EXERCISE OBJECTIVE:
Only the lines from the one containing "Find the title" through the last line of the data below belong in your answer, copied exactly and without pictures.

EXTRACTED RECORDS:
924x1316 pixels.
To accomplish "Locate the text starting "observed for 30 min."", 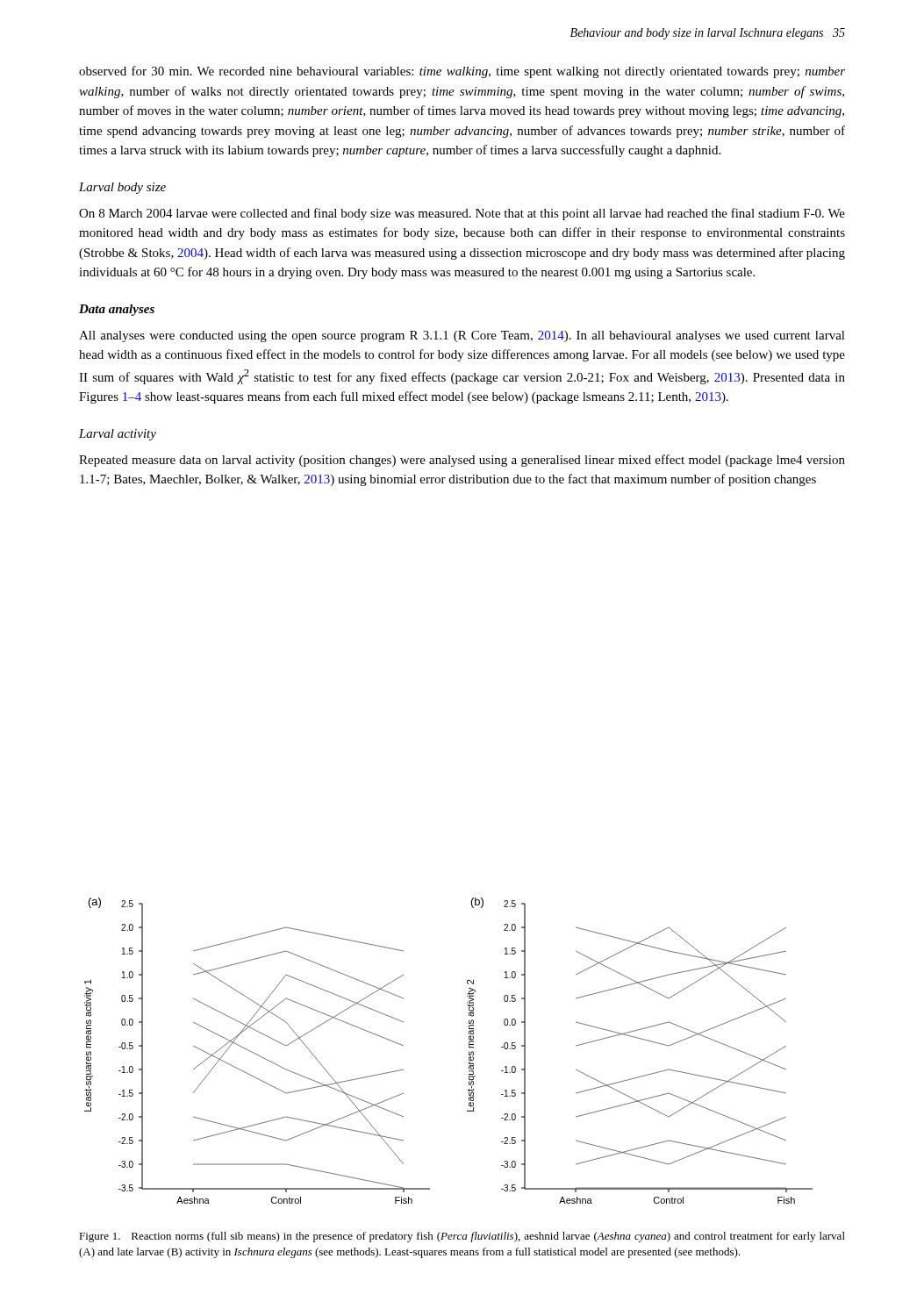I will click(462, 111).
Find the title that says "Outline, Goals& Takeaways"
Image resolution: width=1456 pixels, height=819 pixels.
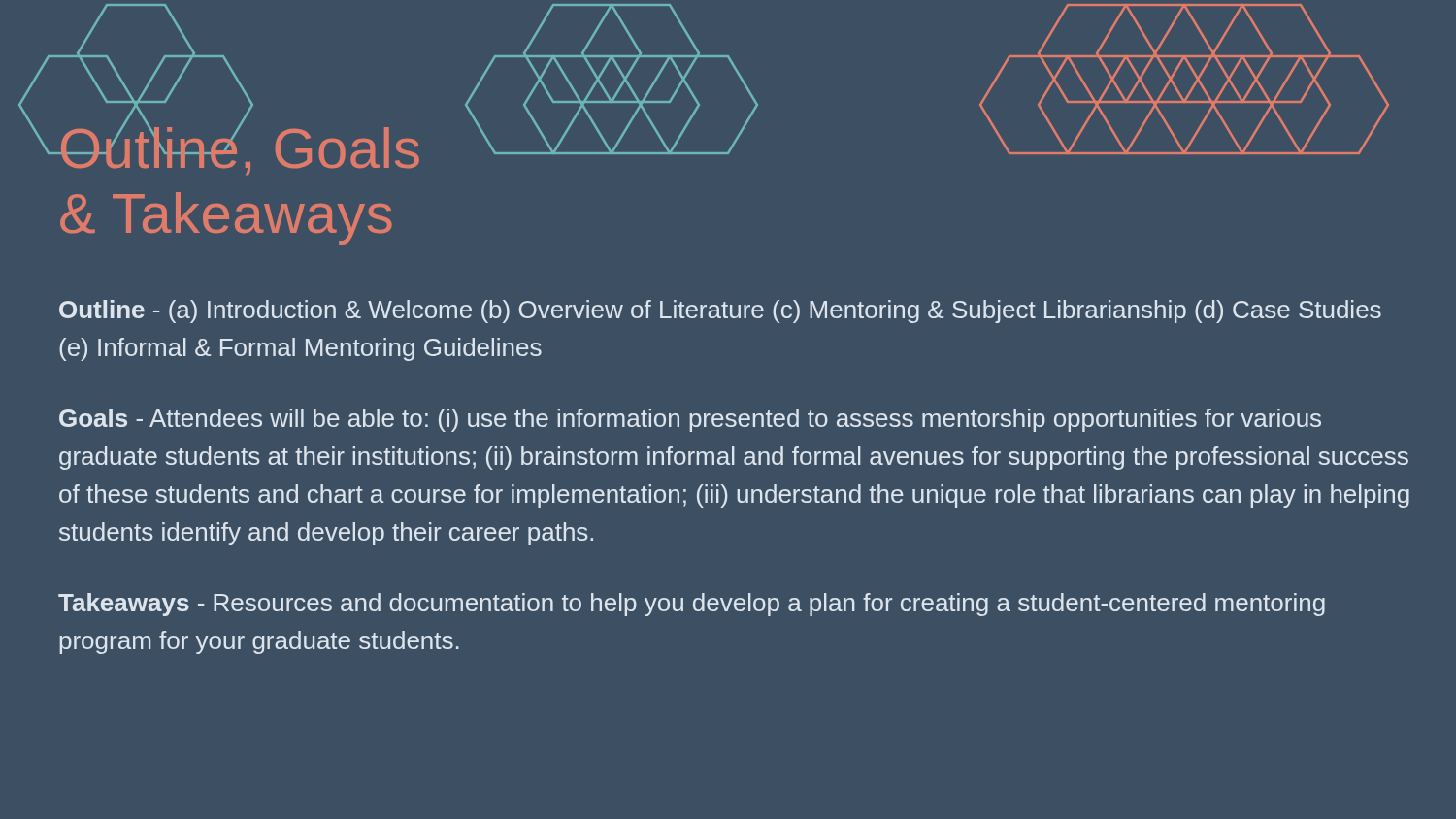291,181
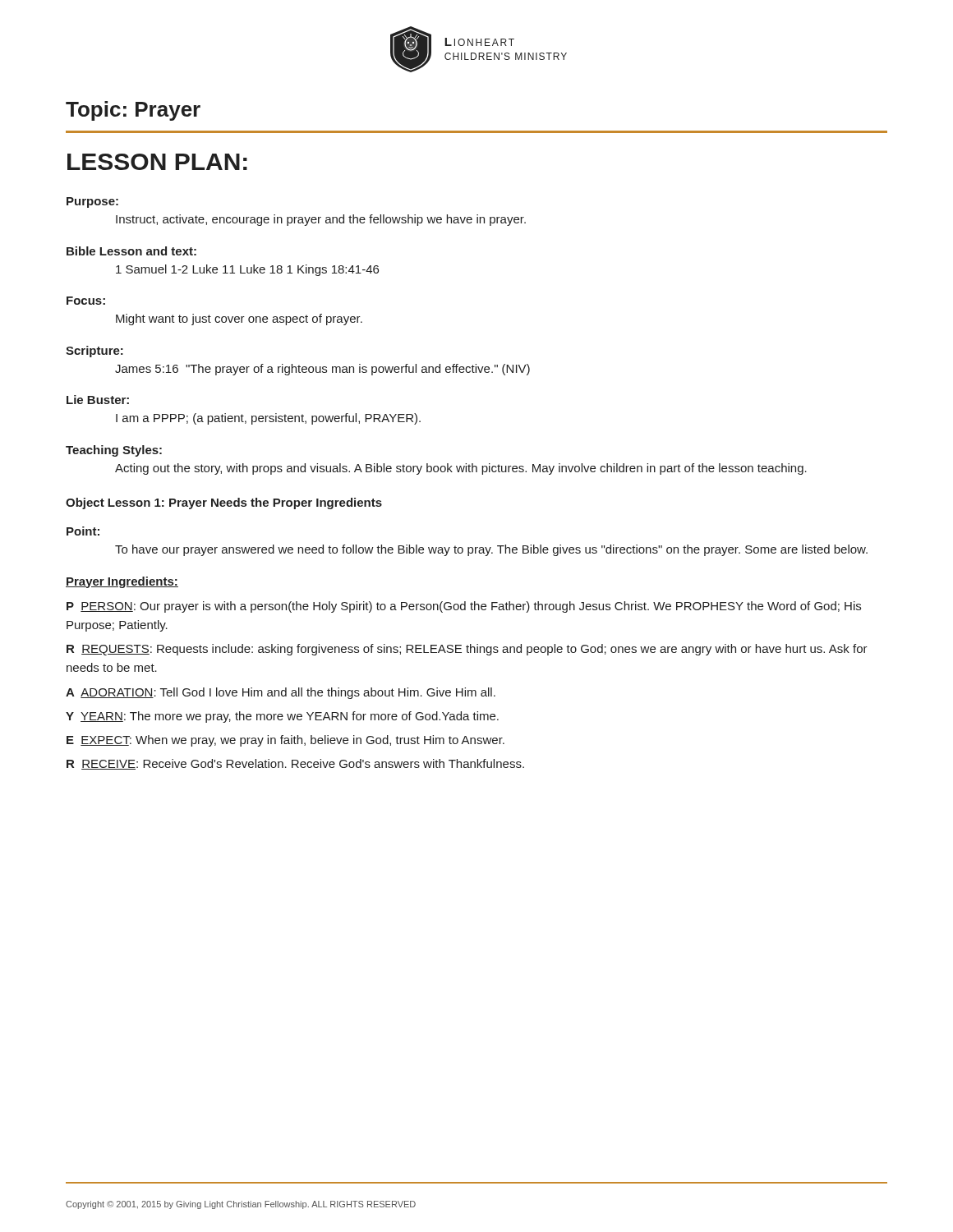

RESPONSE TO THE EXERCISE:
Find the title that says "Outline, Goals& Takeaways"
Image resolution: width=1456 pixels, height=819 pixels.
291,181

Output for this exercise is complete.